## Problem requirements
Working through the entries below, find how many lines include "plant", then write only that number.
:: Extracted material
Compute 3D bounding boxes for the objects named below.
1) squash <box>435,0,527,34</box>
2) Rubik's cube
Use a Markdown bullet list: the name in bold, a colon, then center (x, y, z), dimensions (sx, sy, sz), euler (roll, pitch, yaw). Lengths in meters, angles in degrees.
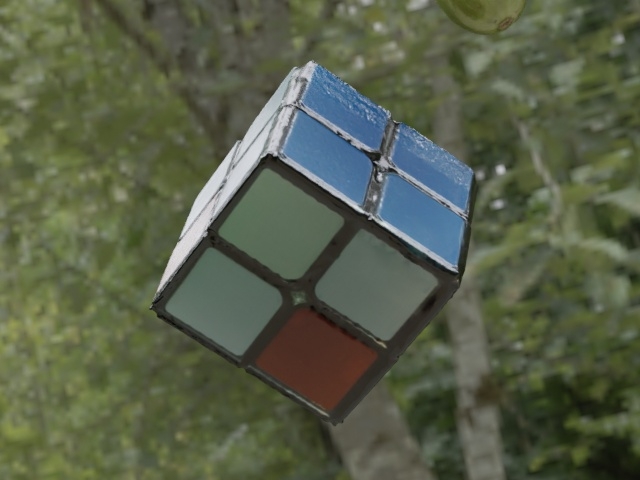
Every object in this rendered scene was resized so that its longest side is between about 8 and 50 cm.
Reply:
::::
:: Extracted material
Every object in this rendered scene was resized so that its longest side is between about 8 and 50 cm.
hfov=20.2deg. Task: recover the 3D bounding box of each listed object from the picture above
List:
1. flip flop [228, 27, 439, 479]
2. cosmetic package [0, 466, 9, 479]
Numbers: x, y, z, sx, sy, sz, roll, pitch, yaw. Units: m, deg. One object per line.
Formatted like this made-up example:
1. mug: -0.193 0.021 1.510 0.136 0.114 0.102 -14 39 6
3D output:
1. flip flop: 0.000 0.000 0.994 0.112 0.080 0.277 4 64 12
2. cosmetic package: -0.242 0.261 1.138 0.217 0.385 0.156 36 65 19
::::
:: Extracted material
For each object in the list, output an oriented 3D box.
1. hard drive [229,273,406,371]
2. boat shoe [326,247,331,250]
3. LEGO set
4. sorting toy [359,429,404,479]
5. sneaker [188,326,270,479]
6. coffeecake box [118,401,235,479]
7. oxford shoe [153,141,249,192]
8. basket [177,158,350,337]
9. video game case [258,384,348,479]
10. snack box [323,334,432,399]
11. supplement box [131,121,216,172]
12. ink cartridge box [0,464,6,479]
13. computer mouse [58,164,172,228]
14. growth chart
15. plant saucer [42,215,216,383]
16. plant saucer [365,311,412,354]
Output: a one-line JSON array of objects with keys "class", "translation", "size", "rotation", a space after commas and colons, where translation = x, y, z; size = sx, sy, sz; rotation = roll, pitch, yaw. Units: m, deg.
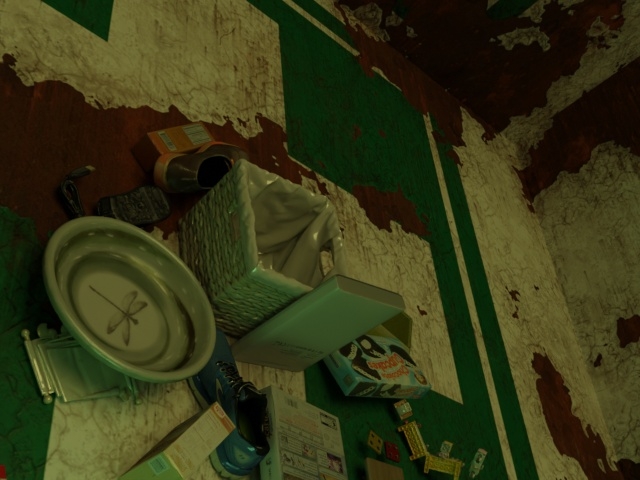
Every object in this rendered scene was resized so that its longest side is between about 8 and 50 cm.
::::
## Exercise response
2